(Recorded data)
######

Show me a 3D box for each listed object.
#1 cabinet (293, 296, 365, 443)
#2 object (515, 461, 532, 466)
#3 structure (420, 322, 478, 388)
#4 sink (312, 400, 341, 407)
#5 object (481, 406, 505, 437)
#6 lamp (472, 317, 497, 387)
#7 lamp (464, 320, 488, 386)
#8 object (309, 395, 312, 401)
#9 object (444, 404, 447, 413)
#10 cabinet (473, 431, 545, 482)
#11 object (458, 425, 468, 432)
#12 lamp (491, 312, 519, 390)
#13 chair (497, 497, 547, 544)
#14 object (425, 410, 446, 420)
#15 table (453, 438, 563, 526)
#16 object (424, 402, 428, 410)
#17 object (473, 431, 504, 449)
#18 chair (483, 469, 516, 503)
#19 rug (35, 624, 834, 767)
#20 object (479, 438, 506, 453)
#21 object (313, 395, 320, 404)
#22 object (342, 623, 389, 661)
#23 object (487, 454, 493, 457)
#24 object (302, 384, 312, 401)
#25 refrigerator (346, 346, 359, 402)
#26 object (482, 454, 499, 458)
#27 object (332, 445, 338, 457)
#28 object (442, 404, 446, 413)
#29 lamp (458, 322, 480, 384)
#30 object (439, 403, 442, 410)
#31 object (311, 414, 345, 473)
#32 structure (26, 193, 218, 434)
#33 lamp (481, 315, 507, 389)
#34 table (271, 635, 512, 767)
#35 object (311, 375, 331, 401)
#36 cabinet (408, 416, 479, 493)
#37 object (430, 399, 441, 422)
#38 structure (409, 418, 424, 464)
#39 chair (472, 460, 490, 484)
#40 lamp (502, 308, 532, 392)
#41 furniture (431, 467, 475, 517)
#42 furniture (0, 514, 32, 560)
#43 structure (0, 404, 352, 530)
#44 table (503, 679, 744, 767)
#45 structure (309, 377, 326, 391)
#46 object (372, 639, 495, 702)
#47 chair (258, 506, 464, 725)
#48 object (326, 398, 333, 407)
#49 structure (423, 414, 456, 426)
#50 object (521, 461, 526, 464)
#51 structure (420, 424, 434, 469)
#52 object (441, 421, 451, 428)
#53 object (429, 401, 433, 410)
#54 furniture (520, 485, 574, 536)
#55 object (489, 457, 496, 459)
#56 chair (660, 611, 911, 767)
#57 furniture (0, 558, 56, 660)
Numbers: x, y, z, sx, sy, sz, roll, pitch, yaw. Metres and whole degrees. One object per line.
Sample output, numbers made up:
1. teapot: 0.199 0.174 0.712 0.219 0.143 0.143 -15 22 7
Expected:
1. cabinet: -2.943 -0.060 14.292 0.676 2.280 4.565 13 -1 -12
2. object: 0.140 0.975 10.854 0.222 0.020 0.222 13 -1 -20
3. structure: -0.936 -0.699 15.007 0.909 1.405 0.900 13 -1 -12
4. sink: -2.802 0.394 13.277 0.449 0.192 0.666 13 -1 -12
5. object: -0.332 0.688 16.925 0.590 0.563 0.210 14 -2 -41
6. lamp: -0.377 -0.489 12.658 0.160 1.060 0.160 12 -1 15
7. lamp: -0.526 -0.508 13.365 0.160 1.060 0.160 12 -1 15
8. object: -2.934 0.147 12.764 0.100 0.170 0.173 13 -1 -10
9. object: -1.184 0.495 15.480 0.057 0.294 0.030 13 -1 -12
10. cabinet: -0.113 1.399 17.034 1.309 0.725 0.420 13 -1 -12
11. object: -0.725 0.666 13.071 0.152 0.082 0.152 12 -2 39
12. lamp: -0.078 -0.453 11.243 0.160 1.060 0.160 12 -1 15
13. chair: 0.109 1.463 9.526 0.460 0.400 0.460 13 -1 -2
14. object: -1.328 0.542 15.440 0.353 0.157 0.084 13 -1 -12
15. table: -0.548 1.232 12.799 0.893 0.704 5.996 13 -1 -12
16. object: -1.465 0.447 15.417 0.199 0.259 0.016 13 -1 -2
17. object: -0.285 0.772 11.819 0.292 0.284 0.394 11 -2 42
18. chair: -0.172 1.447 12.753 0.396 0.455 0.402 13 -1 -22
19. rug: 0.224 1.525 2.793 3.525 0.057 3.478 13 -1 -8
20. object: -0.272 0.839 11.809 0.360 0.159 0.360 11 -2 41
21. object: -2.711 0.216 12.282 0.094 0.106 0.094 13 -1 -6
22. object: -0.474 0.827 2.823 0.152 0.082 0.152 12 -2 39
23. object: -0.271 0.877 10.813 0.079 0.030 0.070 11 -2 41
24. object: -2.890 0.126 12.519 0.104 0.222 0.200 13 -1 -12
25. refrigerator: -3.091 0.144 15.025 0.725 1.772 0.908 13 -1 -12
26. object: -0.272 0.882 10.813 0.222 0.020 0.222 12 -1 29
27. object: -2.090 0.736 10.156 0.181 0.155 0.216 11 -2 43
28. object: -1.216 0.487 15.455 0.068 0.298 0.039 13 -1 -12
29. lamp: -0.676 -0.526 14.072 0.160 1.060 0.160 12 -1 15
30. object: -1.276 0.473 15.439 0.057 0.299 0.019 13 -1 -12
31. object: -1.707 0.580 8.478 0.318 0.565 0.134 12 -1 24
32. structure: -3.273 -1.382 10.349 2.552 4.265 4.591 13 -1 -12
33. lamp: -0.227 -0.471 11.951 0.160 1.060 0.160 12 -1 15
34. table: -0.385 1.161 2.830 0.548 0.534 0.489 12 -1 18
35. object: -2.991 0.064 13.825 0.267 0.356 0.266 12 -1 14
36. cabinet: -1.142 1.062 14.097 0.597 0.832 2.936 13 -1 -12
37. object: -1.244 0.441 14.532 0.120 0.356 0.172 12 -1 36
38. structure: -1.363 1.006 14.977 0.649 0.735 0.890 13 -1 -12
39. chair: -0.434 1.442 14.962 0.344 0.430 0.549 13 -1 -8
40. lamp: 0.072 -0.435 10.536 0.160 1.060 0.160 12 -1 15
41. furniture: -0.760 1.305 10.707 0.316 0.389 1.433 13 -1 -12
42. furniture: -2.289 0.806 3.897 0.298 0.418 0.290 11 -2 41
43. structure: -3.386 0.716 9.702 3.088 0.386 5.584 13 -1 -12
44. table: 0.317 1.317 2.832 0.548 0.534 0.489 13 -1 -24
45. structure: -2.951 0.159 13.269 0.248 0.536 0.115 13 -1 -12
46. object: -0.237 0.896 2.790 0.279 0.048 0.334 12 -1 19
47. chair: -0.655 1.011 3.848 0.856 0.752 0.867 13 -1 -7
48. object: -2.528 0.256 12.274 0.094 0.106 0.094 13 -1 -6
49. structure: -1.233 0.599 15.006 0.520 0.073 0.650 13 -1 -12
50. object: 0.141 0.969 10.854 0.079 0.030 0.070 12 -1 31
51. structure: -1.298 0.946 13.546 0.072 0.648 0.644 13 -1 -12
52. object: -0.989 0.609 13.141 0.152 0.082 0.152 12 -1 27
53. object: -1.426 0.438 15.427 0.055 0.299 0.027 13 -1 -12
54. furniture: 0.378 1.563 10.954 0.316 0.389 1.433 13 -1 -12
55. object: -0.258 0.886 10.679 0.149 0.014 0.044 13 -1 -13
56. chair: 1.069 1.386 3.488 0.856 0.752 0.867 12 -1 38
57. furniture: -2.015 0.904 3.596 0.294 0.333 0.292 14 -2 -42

######

-- THE TASK --
Working from the records above, write out verbatim only the lines from the line containing "#45 structure (309, 377, 326, 391)" through the line containing "1. teapot: 0.199".

-- PROBLEM SOLUTION --
#45 structure (309, 377, 326, 391)
#46 object (372, 639, 495, 702)
#47 chair (258, 506, 464, 725)
#48 object (326, 398, 333, 407)
#49 structure (423, 414, 456, 426)
#50 object (521, 461, 526, 464)
#51 structure (420, 424, 434, 469)
#52 object (441, 421, 451, 428)
#53 object (429, 401, 433, 410)
#54 furniture (520, 485, 574, 536)
#55 object (489, 457, 496, 459)
#56 chair (660, 611, 911, 767)
#57 furniture (0, 558, 56, 660)
Numbers: x, y, z, sx, sy, sz, roll, pitch, yaw. Metres and whole degrees. One object per line.
Sample output, numbers made up:
1. teapot: 0.199 0.174 0.712 0.219 0.143 0.143 -15 22 7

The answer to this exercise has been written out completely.